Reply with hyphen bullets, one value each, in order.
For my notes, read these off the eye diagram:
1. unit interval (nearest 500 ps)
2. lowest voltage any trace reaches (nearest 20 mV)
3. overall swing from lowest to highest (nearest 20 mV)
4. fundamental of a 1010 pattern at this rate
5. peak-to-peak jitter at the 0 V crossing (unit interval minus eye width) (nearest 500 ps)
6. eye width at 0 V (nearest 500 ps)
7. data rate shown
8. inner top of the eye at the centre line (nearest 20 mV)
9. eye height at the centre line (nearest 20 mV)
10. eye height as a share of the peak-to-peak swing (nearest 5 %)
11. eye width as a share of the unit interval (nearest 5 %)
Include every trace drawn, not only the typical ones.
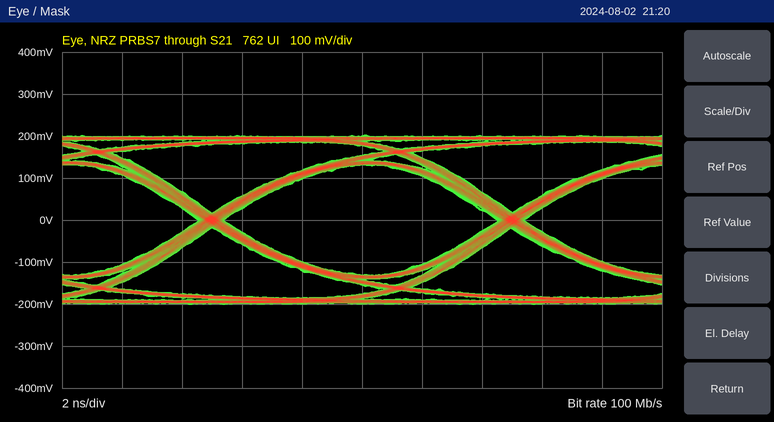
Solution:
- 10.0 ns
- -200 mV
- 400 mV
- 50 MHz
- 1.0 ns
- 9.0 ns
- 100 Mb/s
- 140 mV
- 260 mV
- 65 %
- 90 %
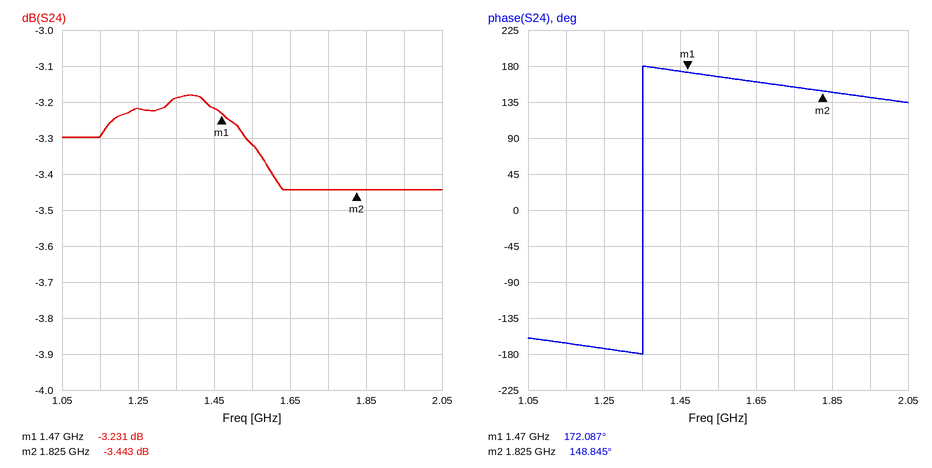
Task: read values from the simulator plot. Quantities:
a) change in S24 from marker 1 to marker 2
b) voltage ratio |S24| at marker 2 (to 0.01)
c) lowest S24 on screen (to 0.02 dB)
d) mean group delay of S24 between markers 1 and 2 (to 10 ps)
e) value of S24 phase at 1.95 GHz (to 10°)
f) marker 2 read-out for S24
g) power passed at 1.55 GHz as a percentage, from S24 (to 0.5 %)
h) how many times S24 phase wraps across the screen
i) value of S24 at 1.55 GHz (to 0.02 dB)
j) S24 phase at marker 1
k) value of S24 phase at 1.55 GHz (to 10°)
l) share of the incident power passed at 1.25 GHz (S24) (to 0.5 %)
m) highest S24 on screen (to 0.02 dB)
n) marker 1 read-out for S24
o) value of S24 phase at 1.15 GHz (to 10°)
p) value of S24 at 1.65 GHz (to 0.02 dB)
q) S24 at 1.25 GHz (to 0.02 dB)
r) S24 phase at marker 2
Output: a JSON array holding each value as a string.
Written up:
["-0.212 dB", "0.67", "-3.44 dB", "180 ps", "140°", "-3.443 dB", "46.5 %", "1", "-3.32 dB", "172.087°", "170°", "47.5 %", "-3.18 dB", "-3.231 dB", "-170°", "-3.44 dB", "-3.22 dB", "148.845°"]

· · · ·

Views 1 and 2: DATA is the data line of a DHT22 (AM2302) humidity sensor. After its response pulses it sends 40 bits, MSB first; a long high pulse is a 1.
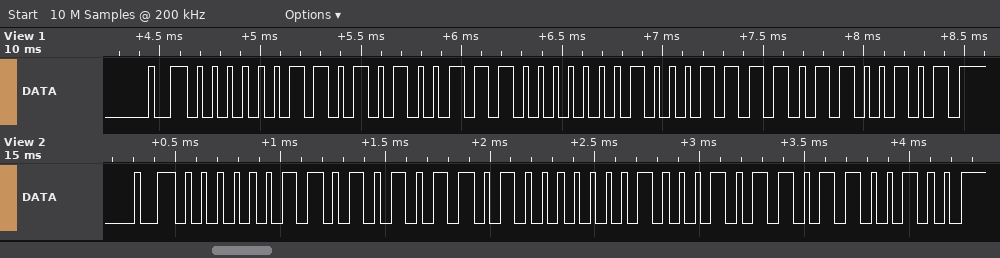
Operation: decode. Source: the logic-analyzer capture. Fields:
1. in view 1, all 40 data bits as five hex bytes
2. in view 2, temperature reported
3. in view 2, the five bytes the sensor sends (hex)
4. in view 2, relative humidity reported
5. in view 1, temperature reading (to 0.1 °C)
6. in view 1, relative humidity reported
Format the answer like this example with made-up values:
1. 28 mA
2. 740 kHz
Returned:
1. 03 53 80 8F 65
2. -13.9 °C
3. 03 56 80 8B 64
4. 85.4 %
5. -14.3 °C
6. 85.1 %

· · · ·

TASK BRIEF: Within the listing above, give again exactly every line from the line with "Reply with hyphen" through the line with "5. peak-to-peak jitter", both included, and no other line.

ANSWER TO THE PROBLEM:
Reply with hyphen bullets, one value each, in order.
For my notes, read these off the eye diagram:
1. unit interval (nearest 500 ps)
2. lowest voltage any trace reaches (nearest 20 mV)
3. overall swing from lowest to highest (nearest 20 mV)
4. fundamental of a 1010 pattern at this rate
5. peak-to-peak jitter at the 0 V crossing (unit interval minus eye width) (nearest 500 ps)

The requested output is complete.